■ **Directions for this task**: Please repeat each line below exactly, with no images in the copy.

Records excerpted from a collection:
Content starts
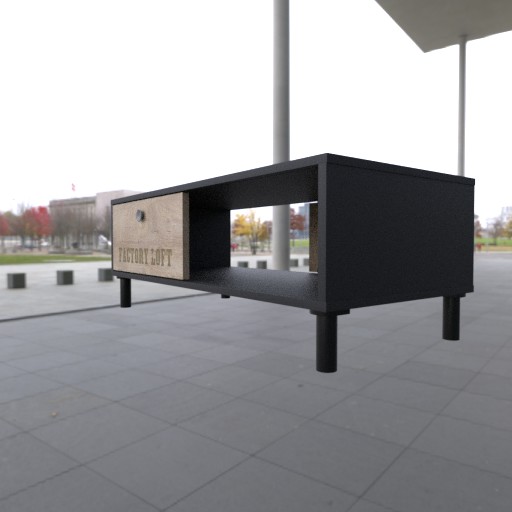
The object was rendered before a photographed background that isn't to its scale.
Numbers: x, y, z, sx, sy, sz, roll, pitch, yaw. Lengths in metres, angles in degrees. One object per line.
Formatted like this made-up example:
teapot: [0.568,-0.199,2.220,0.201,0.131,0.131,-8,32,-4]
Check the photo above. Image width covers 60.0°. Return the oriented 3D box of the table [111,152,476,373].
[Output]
table: [0.000,0.000,1.379,0.550,0.400,1.100,-1,2,-37]
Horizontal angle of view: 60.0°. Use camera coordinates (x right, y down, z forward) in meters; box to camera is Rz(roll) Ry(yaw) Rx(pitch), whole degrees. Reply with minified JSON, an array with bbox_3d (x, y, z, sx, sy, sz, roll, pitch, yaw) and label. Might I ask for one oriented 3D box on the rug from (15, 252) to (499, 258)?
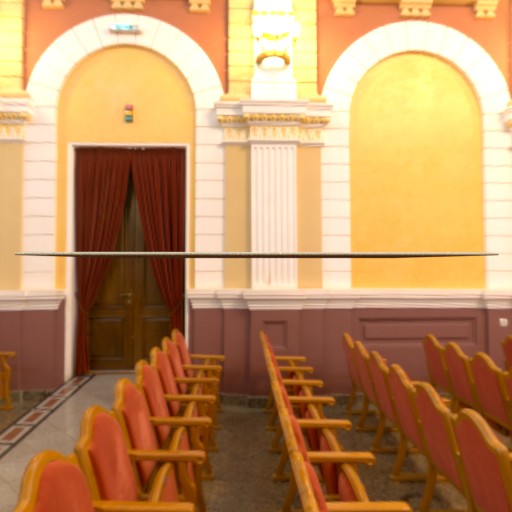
Content ends
■ **Solution to the exercise**:
The object was rendered before a photographed background that isn't to its scale.
Numbers: x, y, z, sx, sy, sz, roll, pitch, yaw. Lengths in metres, angles in degrees. One object per line.
Formatted like this made-up example:
teapot: [0.568,-0.199,2.220,0.201,0.131,0.131,-8,32,-4]
Check the photo above. Image width covers 60.0°. Return the oriented 3D box of the table [111,152,476,373].
[Output]
table: [0.000,0.000,1.379,0.550,0.400,1.100,-1,2,-37]
Horizontal angle of view: 60.0°. Use camera coordinates (x right, y down, z forward) in meters; box to camera is Rz(roll) Ry(yaw) Rx(pitch), whole degrees. Reply with minified JSON, an array with bbox_3d (x, y, z, sx, sy, sz, roll, pitch, yaw) and label. Might I ask for one oriented 3D box on the rug from (15, 252) to (499, 258)?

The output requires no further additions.